The criteria included: their environmental impact, environmental management and sustainability disclosure.    IBM definitely earned the number 1 spot due to their forward thinking initiative: Smarter Planet. It highlights how forward thinking leaders in Business can use smarter systems to achieve greater economic growth and sustainability. IBM suggests that if corporations can improve on creating greener buildings, use smart grids, use better water management systems, and find better ways to tackle traffic congestion, we will have a smarter planet. IBM  measures and reduces resource consumption for it’s clients in order to help them save the environment and their money. IBM is now providing better management systems and technology to other firms to encourage  “being green”. According to the Newsweek Survey, “At its Zurich lab, water that cools a supercomputer is used to warm nearby buildings”. IBM executives are doing interviews, speeches, and getting the word out on their forward thinking opportunities.

There is a lot that is bugging me about this whole Smarter Planet concept. First of all, does IBM actually want to improve the planet, or is it just trying to use all this marketing and publicity to silence stakeholders that are adamant on IBM being a socially responsible entity? Also, do you all think that the “Smarter Planet” concept will really raise awareness and make a difference for many companies or do you think it will fade away after it’s 15 minutes of fame? Thoughts?











3 thoughts on “Wait, IBM is the Greenest company in the US?!

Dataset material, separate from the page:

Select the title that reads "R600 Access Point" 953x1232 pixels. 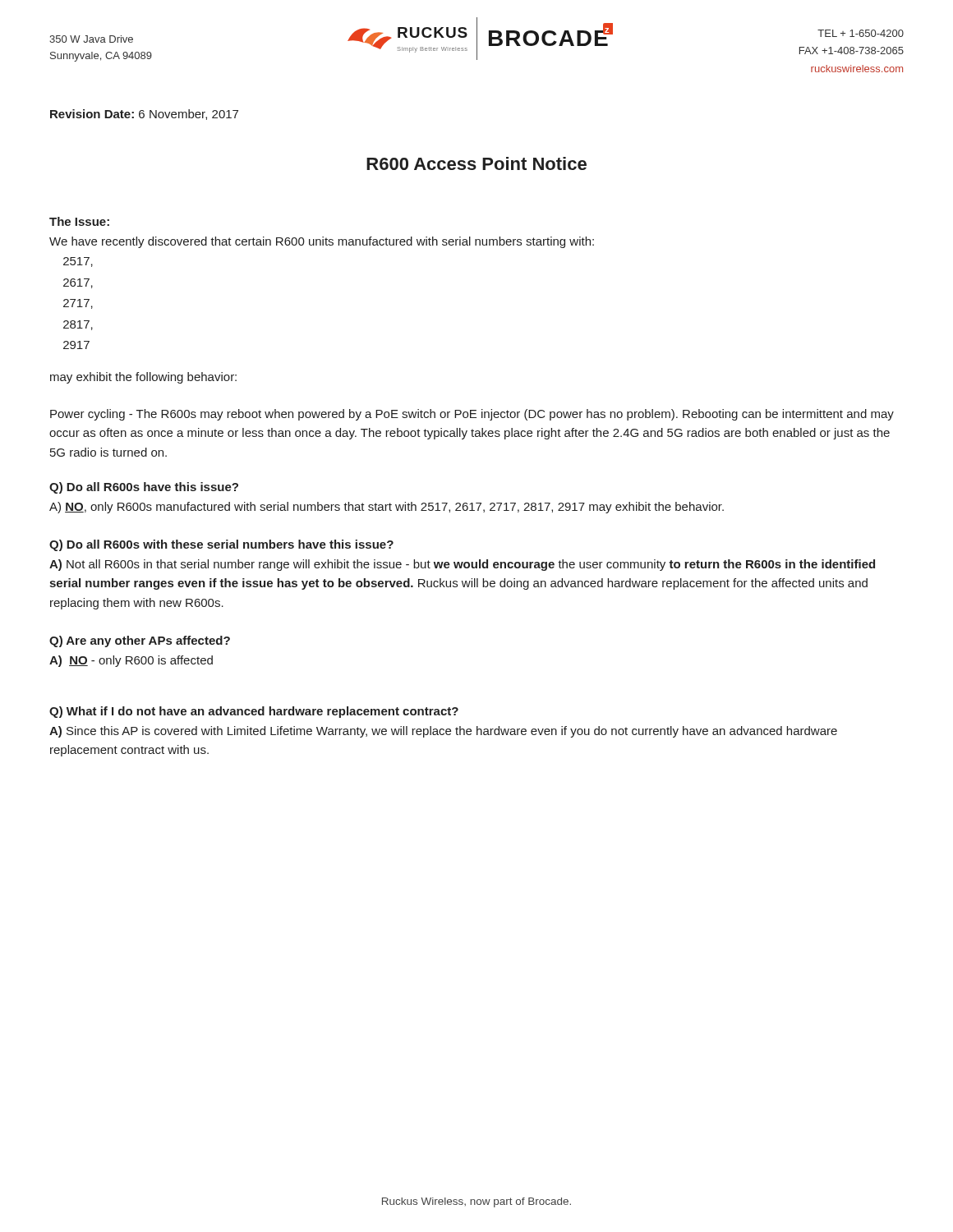[x=476, y=164]

  1. Very interesting topic. I feel there’s always another side to a story. For example, some companies donate to charity because they can deduct it in their tax return and earn that reputation of “giving back.” So being green is somewhat obligated by the general public. The public value green goods so if IBM wants its business to be successful, I would think that they have to have the green initiative of some kind. So yes, stakeholders do have an effect in company’s strategy but at the same time these ideas that IBM has do help advance their business. I think it’s great that they are finding uses to things like the water cooling down the supercomputers are used to warm buildings. So rather than dumping the water away they are using it for something else…saving a lot of money and energy.

  2. Hi Sabeen, despite all the questioning whether IBM is really thinking green or just seizing the moment and using it to promote its technologies and gain customer attention and market share, I believe any and all “green” initiatives are welcome and does raise awareness to the cause. Many companies start small with some internal green initiatives such as recycling, reduction of printing, being energy conscious, planting trees, etc and then go public with something bigger to use it to “get noted”. Nothing wrong with it, the more the better because starting with each and every employee, then vendors, then customers, the “thinking green” movement gets bigger and bigger and people start carrying these concepts, ideas and “disciplines” to their homes and lives are become more conscious about it.
    Some remember the movie “Who killed the electric car” of 2006 which portraits some early electric cars produced by GM that were so good and loved by their lessees that nobody wanted to return it to GM when it was mandated by that company and lately all cars were destroyed. A lot of bad media and “conspiracy theories” were created and regardless of whether true or false, here is GM back again with the “Volt” and other cars to come, with a lot of thanks to those EV1s of 2006.

  3. Very interesting article and post.
    I think “going green” by IBM is partially a marketing technique by improving brand image. I agree with the comment above that known companies are almost required to be socially responsible. As companies need to stay competitive, Smarter Planet concept will move on to other companies and make a positive impact. I not only think that the concept will not be forgotten, but companies will try a different, perhaps more creative approach, to be distinct, innovative, and socially responsible.